Lines from the one containing "Next, the shelving unit (819,54,1100,663)." through the final line of the records are the only ones to copy, and each must match exactly.
══ Provided entries ══
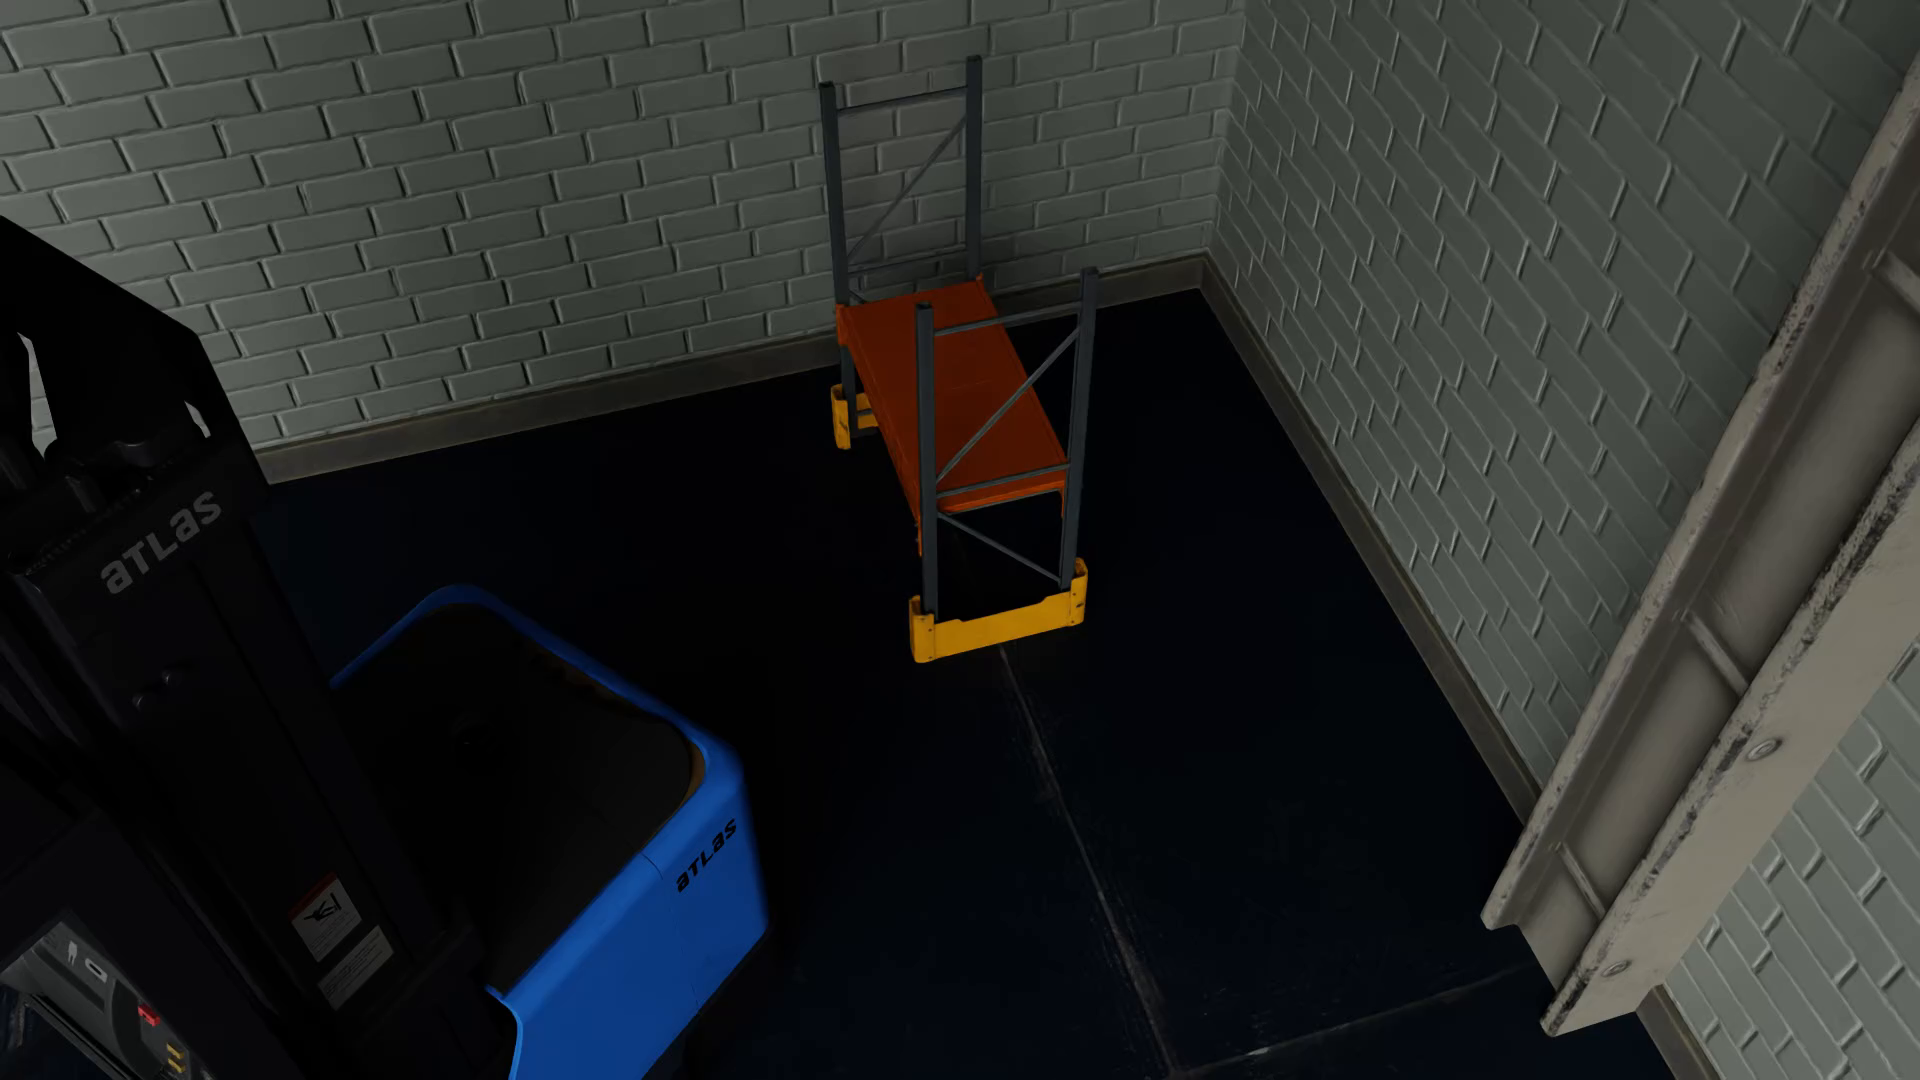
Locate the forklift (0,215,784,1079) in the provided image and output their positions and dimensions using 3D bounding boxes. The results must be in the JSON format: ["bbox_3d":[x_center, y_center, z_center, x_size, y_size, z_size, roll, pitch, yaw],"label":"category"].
[{"bbox_3d":[-1.752,0.970,3.015,1.130,2.935,3.031,28,55,22],"label":"forklift"}]

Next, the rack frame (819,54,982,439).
[{"bbox_3d":[-0.176,-0.917,5.542,0.500,1.500,0.032,-13,51,-11],"label":"rack frame"}]

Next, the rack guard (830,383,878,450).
[{"bbox_3d":[-0.170,-0.500,6.008,0.587,0.250,0.087,-13,51,-11],"label":"rack guard"}]

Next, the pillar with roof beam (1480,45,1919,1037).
[{"bbox_3d":[-2.399,-0.732,0.481,9.100,9.000,0.400,-13,51,-11],"label":"pillar with roof beam"}]

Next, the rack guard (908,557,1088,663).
[{"bbox_3d":[0.125,0.227,5.395,0.587,0.250,0.087,-13,51,-11],"label":"rack guard"}]

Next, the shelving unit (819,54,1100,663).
[{"bbox_3d":[-0.023,-0.539,5.224,0.587,1.500,1.083,-13,51,-11],"label":"shelving unit"}]

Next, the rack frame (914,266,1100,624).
[{"bbox_3d":[0.125,-0.174,4.916,0.500,1.500,0.032,-13,51,-11],"label":"rack frame"}]

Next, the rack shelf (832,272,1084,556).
[{"bbox_3d":[-0.025,-0.430,5.367,0.538,0.185,1.000,-13,51,-11],"label":"rack shelf"}]
═══
Solution to this problem –
Next, the shelving unit (819,54,1100,663).
[{"bbox_3d":[-0.023,-0.539,5.224,0.587,1.500,1.083,-13,51,-11],"label":"shelving unit"}]

Next, the rack frame (914,266,1100,624).
[{"bbox_3d":[0.125,-0.174,4.916,0.500,1.500,0.032,-13,51,-11],"label":"rack frame"}]

Next, the rack shelf (832,272,1084,556).
[{"bbox_3d":[-0.025,-0.430,5.367,0.538,0.185,1.000,-13,51,-11],"label":"rack shelf"}]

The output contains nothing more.